Verify and summarize.
- Process candidates in ranked order until target_news_count verified items are collected.
- Skip candidates whose canonical URL is already in processed_urls.
- Attempt web_fetch up to max_scrape_retries + 1 times.
- If fetch fails, add a warning with the URL and reason, then continue.
- Cross-check search result vs fetched page using title similarity, domain consistency, topic alignment, and published date when available.
- If the page appears materially inconsistent, skip it and warn.
- Summarize each accepted article in one short plain-text paragraph, max about 80 words, focused on why it matters to AI practitioners.
Minimum quality gate.
- If collected items are fewer than min_articles_required, run one fallback search with:
  - "AI news today machine learning model release funding research"
- Process only new candidates not already seen or processed.
- Repeat filtering, ranking, verification, and summarization.
Final integrity check.
- Ensure every final item has non-empty title, url, domain, summary, source_query, and numeric relevance_score.
- Ensure each URL appears once.
- Ensure markdown_newsletter and json_newsletter match in item count.
- Remove and warn on any invalid item.
Finalize.
- Sort by relevance_score descending, then published_at descending.
- Truncate to target_news_count.
- Render markdown_newsletter.
- Assemble json_newsletter.
- Apply the language output rule below.
- Return all outputs.

Language output

Translate the final markdown_newsletter body and each article summary in newsletter_items into Simplified Chinese.
Keep title, url, domain, published_at, relevance_score, and source_query unchanged.
If a source title is already in Chinese, preserve it as-is.
Do not add extra commentary outside the newsletter content.

Verification

Accept items only if:

URL is valid and canonicalized.
Search result and fetched page broadly match.
Topic is actually AI/news relevant.
Published date is present or safely unknown.
Fetched content is not malformed or off-topic.

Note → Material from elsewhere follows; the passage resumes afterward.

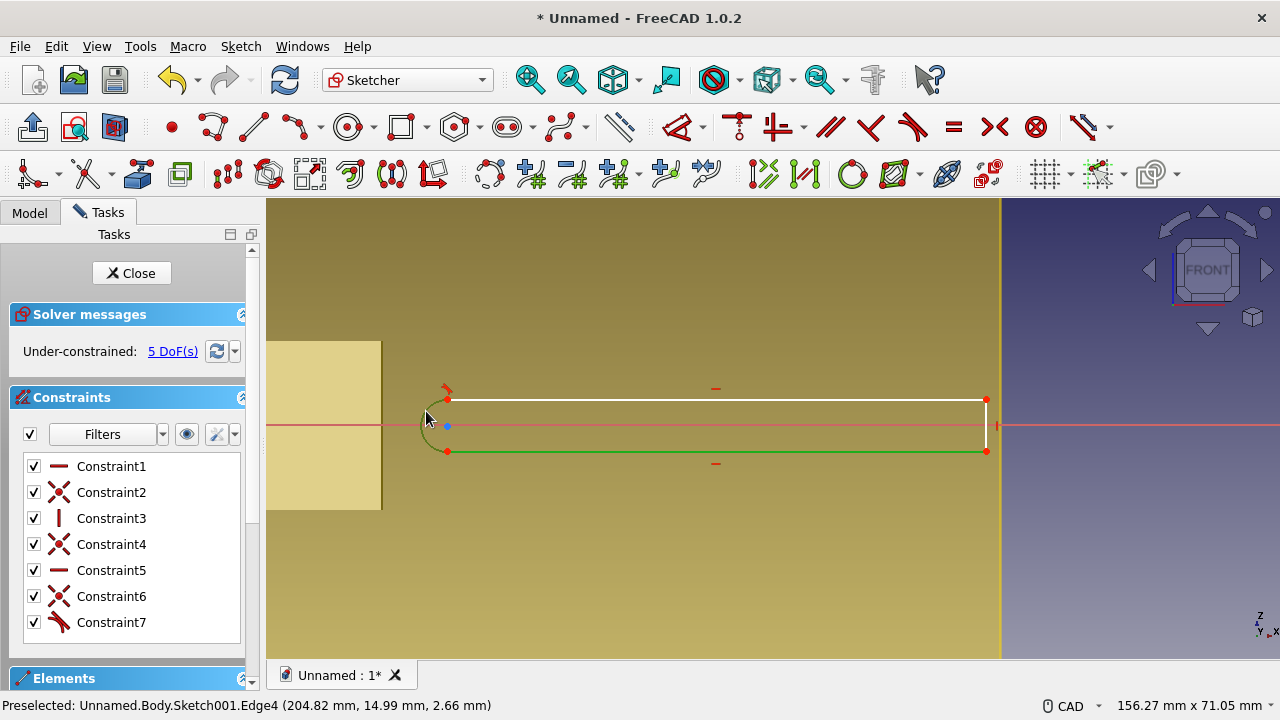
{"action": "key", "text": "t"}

Record warnings for failed URLs, short reasons, and whether fallback search was used.

Output Format

markdown_newsletter:

H1 title with date.
One H2 per article.
One short summary paragraph per article.
One source link per article.

json_newsletter:

date
query
count
articles
warnings

Safety rules

Use only sanctioned tools.
Do not request API keys from the user.
Do not expose secrets.
Do not include copyrighted full article text.
Keep summaries neutral, concise, and factual.
Preserve deterministic behavior wherever tool outputs allow.